(Records drawn from a dataset)
= = = = = = =
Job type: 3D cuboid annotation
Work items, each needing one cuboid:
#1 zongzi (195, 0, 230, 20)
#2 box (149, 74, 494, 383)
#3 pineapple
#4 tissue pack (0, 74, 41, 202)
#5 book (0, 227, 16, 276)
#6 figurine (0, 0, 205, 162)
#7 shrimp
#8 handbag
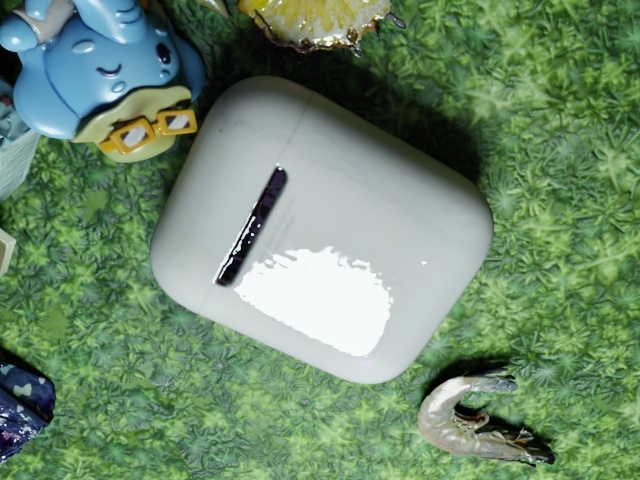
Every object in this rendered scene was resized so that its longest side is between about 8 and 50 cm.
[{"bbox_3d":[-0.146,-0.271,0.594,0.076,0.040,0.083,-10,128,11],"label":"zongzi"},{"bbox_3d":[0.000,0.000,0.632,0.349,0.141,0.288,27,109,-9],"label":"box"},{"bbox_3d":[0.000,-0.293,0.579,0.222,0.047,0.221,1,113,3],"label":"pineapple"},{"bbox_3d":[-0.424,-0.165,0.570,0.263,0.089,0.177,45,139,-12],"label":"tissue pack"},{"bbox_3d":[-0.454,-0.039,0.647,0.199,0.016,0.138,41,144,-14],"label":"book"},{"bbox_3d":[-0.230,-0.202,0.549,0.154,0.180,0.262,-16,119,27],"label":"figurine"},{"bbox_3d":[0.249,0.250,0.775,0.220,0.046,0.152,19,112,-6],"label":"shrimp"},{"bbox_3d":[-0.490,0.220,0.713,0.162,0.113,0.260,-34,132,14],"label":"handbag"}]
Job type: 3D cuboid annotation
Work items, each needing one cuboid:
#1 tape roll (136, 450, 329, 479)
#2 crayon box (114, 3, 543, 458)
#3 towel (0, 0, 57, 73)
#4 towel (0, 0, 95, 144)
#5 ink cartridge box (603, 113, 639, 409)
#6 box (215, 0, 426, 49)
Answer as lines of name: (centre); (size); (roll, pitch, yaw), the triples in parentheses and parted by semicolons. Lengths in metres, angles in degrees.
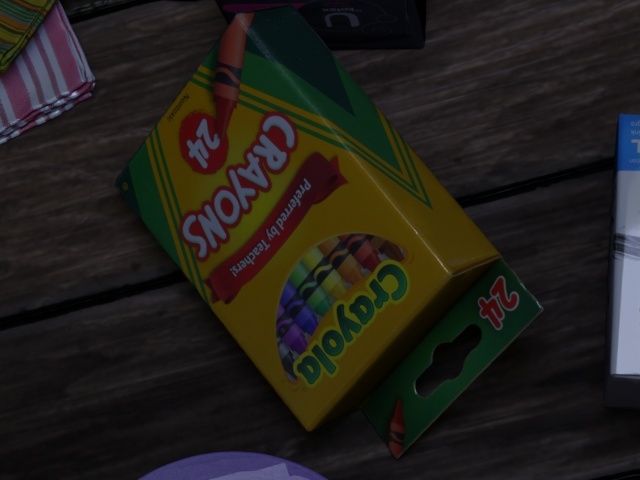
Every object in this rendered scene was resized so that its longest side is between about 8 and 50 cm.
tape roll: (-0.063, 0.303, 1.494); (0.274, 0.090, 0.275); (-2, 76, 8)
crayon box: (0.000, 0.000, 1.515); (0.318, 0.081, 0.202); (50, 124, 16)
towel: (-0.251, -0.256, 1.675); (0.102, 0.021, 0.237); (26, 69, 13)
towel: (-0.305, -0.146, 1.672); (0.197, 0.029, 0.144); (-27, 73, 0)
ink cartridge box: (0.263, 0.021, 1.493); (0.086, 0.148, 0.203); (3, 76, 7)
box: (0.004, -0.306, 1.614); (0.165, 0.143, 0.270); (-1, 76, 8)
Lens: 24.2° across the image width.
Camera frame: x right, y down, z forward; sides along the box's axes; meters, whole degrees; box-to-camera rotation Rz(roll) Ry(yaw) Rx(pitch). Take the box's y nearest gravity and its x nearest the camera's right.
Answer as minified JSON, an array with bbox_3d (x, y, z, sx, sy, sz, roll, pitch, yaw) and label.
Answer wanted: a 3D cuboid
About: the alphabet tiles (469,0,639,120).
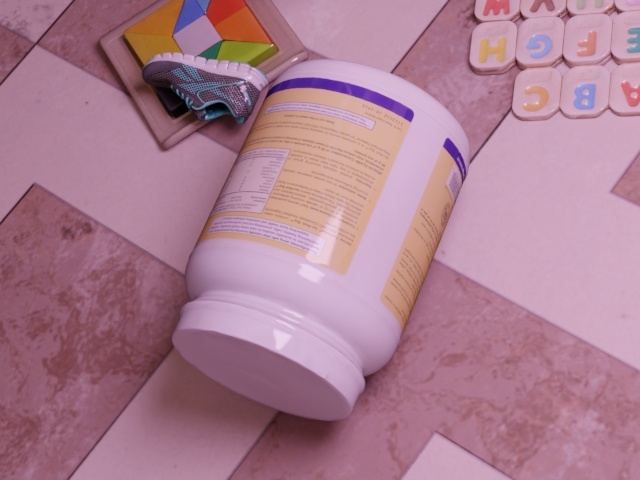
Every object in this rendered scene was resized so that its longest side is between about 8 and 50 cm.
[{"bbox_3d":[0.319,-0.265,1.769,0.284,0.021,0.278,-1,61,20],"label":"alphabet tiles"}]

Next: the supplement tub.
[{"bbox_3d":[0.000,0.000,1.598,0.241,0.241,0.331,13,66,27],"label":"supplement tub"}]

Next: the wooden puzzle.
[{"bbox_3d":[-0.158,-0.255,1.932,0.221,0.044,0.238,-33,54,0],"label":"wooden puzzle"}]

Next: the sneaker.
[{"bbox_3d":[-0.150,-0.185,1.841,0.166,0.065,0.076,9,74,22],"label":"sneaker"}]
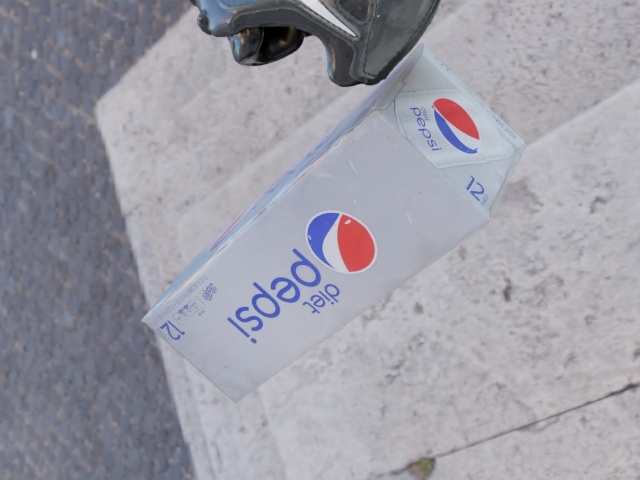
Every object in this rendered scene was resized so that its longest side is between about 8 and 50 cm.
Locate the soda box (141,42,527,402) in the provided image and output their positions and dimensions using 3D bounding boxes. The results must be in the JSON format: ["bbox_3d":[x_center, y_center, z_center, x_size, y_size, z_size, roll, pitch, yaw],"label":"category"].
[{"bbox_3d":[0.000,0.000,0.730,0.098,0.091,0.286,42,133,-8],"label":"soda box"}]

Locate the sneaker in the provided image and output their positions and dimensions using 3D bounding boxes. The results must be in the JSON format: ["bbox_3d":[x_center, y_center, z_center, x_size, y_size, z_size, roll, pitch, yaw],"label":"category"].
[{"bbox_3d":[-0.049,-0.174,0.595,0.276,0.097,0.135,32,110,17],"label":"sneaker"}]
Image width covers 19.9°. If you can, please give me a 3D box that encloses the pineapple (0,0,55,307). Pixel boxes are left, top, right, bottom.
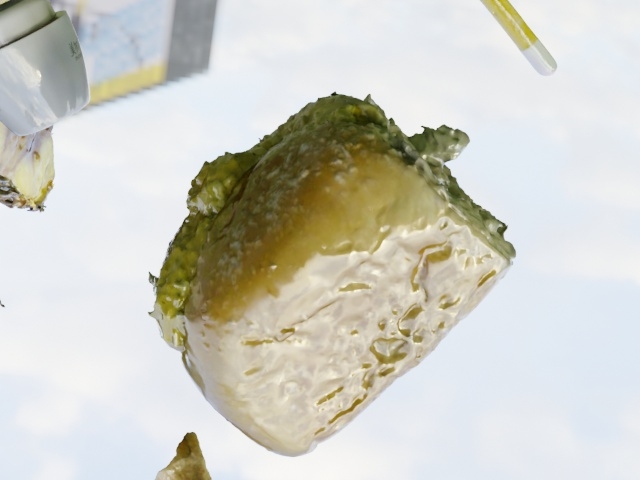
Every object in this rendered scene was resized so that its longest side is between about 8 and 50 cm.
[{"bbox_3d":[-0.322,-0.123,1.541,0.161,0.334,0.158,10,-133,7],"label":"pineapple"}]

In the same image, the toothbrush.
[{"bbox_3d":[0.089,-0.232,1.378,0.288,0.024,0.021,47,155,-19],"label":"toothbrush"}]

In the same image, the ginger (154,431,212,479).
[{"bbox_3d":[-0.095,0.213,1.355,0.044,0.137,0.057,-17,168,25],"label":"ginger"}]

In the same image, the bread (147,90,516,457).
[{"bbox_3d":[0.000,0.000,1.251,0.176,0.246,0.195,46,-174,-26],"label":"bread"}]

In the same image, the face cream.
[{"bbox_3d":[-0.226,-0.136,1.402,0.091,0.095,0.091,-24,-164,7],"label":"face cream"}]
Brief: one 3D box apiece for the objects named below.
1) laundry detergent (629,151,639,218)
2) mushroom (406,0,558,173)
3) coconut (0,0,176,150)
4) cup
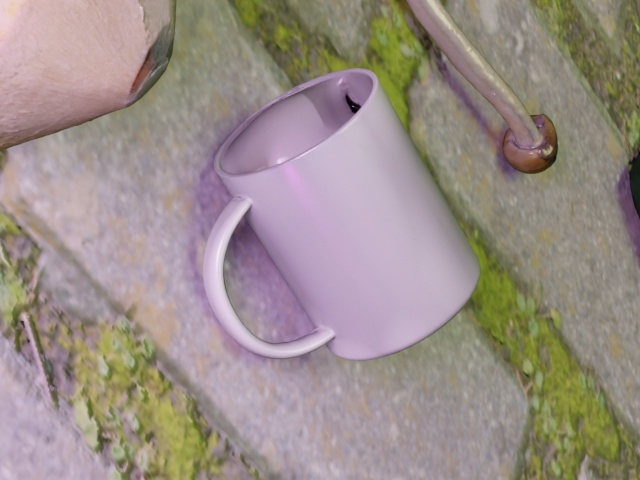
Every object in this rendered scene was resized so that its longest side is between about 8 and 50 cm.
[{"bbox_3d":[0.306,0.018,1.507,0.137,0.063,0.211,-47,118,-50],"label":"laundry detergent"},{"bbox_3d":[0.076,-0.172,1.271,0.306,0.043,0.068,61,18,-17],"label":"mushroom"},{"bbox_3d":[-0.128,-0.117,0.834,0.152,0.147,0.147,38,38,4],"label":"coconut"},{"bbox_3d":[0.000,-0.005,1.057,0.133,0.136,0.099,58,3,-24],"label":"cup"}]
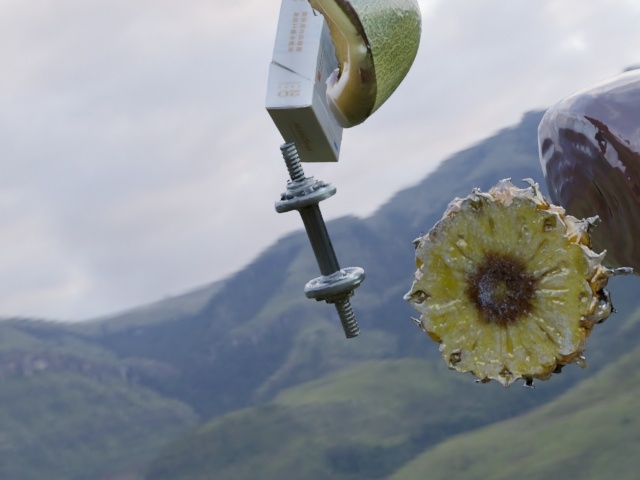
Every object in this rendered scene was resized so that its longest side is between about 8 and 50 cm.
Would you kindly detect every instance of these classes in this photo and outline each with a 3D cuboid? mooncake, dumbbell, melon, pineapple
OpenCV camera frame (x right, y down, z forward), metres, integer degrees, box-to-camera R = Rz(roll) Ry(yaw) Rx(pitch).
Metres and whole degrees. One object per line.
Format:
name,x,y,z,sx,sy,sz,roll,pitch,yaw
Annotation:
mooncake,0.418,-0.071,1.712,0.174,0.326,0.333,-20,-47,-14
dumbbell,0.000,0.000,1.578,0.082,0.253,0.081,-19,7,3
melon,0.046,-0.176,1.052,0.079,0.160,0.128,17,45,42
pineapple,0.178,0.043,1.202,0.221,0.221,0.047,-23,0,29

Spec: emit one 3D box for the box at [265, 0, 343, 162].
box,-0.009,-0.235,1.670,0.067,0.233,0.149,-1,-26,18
= = = = = = =
Copy every record exactly as it appears, apart from any pictures.

Job type: 3D cuboid annotation
Work items, each needing one cuboid:
#1 zongzi (195, 0, 230, 20)
#2 box (149, 74, 494, 383)
#3 pineapple
#4 tissue pack (0, 74, 41, 202)
#5 book (0, 227, 16, 276)
#6 figurine (0, 0, 205, 162)
#7 shrimp
#8 handbag
Every object in this rendered scene was resized so that its longest side is between about 8 and 50 cm.
[{"bbox_3d":[-0.146,-0.271,0.594,0.076,0.040,0.083,-10,128,11],"label":"zongzi"},{"bbox_3d":[0.000,0.000,0.632,0.349,0.141,0.288,27,109,-9],"label":"box"},{"bbox_3d":[0.000,-0.293,0.579,0.222,0.047,0.221,1,113,3],"label":"pineapple"},{"bbox_3d":[-0.424,-0.165,0.570,0.263,0.089,0.177,45,139,-12],"label":"tissue pack"},{"bbox_3d":[-0.454,-0.039,0.647,0.199,0.016,0.138,41,144,-14],"label":"book"},{"bbox_3d":[-0.230,-0.202,0.549,0.154,0.180,0.262,-16,119,27],"label":"figurine"},{"bbox_3d":[0.249,0.250,0.775,0.220,0.046,0.152,19,112,-6],"label":"shrimp"},{"bbox_3d":[-0.490,0.220,0.713,0.162,0.113,0.260,-34,132,14],"label":"handbag"}]
Job type: 3D cuboid annotation
Work items, each needing one cuboid:
#1 tape roll (136, 450, 329, 479)
#2 crayon box (114, 3, 543, 458)
#3 towel (0, 0, 57, 73)
#4 towel (0, 0, 95, 144)
#5 ink cartridge box (603, 113, 639, 409)
#6 box (215, 0, 426, 49)
Answer as lines of name: (centre); (size); (roll, pitch, yaw), the triples in parentheses and parted by semicolons. Lengths in metres, angles in degrees.
Every object in this rendered scene was resized so that its longest side is between about 8 and 50 cm.
tape roll: (-0.063, 0.303, 1.494); (0.274, 0.090, 0.275); (-2, 76, 8)
crayon box: (0.000, 0.000, 1.515); (0.318, 0.081, 0.202); (50, 124, 16)
towel: (-0.251, -0.256, 1.675); (0.102, 0.021, 0.237); (26, 69, 13)
towel: (-0.305, -0.146, 1.672); (0.197, 0.029, 0.144); (-27, 73, 0)
ink cartridge box: (0.263, 0.021, 1.493); (0.086, 0.148, 0.203); (3, 76, 7)
box: (0.004, -0.306, 1.614); (0.165, 0.143, 0.270); (-1, 76, 8)
Lens: 24.2° across the image width.
Camera frame: x right, y down, z forward; sides along the box's axes; meters, whole degrees; box-to-camera rotation Rz(roll) Ry(yaw) Rx(pitch). Take the box's y nearest gravity and its x nearest the camera's right.
Answer as minified JSON, an array with bbox_3d (x, y, z, sx, sy, sz, roll, pitch, yaw) and label.
Answer wanted: a 3D cuboid
About: the alphabet tiles (469,0,639,120).
Every object in this rendered scene was resized so that its longest side is between about 8 and 50 cm.
[{"bbox_3d":[0.319,-0.265,1.769,0.284,0.021,0.278,-1,61,20],"label":"alphabet tiles"}]

Next: the supplement tub.
[{"bbox_3d":[0.000,0.000,1.598,0.241,0.241,0.331,13,66,27],"label":"supplement tub"}]

Next: the wooden puzzle.
[{"bbox_3d":[-0.158,-0.255,1.932,0.221,0.044,0.238,-33,54,0],"label":"wooden puzzle"}]

Next: the sneaker.
[{"bbox_3d":[-0.150,-0.185,1.841,0.166,0.065,0.076,9,74,22],"label":"sneaker"}]
Every object in this rendered scene was resized so that its longest side is between about 8 and 50 cm.
Locate the soda box (141,42,527,402) in the provided image and output their positions and dimensions using 3D bounding boxes. The results must be in the JSON format: ["bbox_3d":[x_center, y_center, z_center, x_size, y_size, z_size, roll, pitch, yaw],"label":"category"].
[{"bbox_3d":[0.000,0.000,0.730,0.098,0.091,0.286,42,133,-8],"label":"soda box"}]

Locate the sneaker in the provided image and output their positions and dimensions using 3D bounding boxes. The results must be in the JSON format: ["bbox_3d":[x_center, y_center, z_center, x_size, y_size, z_size, roll, pitch, yaw],"label":"category"].
[{"bbox_3d":[-0.049,-0.174,0.595,0.276,0.097,0.135,32,110,17],"label":"sneaker"}]
Image width covers 19.9°. If you can, please give me a 3D box that encloses the pineapple (0,0,55,307). Pixel boxes are left, top, right, bottom.
Every object in this rendered scene was resized so that its longest side is between about 8 and 50 cm.
[{"bbox_3d":[-0.322,-0.123,1.541,0.161,0.334,0.158,10,-133,7],"label":"pineapple"}]

In the same image, the toothbrush.
[{"bbox_3d":[0.089,-0.232,1.378,0.288,0.024,0.021,47,155,-19],"label":"toothbrush"}]

In the same image, the ginger (154,431,212,479).
[{"bbox_3d":[-0.095,0.213,1.355,0.044,0.137,0.057,-17,168,25],"label":"ginger"}]

In the same image, the bread (147,90,516,457).
[{"bbox_3d":[0.000,0.000,1.251,0.176,0.246,0.195,46,-174,-26],"label":"bread"}]

In the same image, the face cream.
[{"bbox_3d":[-0.226,-0.136,1.402,0.091,0.095,0.091,-24,-164,7],"label":"face cream"}]
Brief: one 3D box apiece for the objects named below.
1) laundry detergent (629,151,639,218)
2) mushroom (406,0,558,173)
3) coconut (0,0,176,150)
4) cup
Every object in this rendered scene was resized so that its longest side is between about 8 and 50 cm.
[{"bbox_3d":[0.306,0.018,1.507,0.137,0.063,0.211,-47,118,-50],"label":"laundry detergent"},{"bbox_3d":[0.076,-0.172,1.271,0.306,0.043,0.068,61,18,-17],"label":"mushroom"},{"bbox_3d":[-0.128,-0.117,0.834,0.152,0.147,0.147,38,38,4],"label":"coconut"},{"bbox_3d":[0.000,-0.005,1.057,0.133,0.136,0.099,58,3,-24],"label":"cup"}]
Every object in this rendered scene was resized so that its longest side is between about 8 and 50 cm.
Would you kindly detect every instance of these classes in this photo and outline each with a 3D cuboid? mooncake, dumbbell, melon, pineapple
OpenCV camera frame (x right, y down, z forward), metres, integer degrees, box-to-camera R = Rz(roll) Ry(yaw) Rx(pitch).
Metres and whole degrees. One object per line.
Format:
name,x,y,z,sx,sy,sz,roll,pitch,yaw
Annotation:
mooncake,0.418,-0.071,1.712,0.174,0.326,0.333,-20,-47,-14
dumbbell,0.000,0.000,1.578,0.082,0.253,0.081,-19,7,3
melon,0.046,-0.176,1.052,0.079,0.160,0.128,17,45,42
pineapple,0.178,0.043,1.202,0.221,0.221,0.047,-23,0,29

Spec: emit one 3D box for the box at [265, 0, 343, 162].
box,-0.009,-0.235,1.670,0.067,0.233,0.149,-1,-26,18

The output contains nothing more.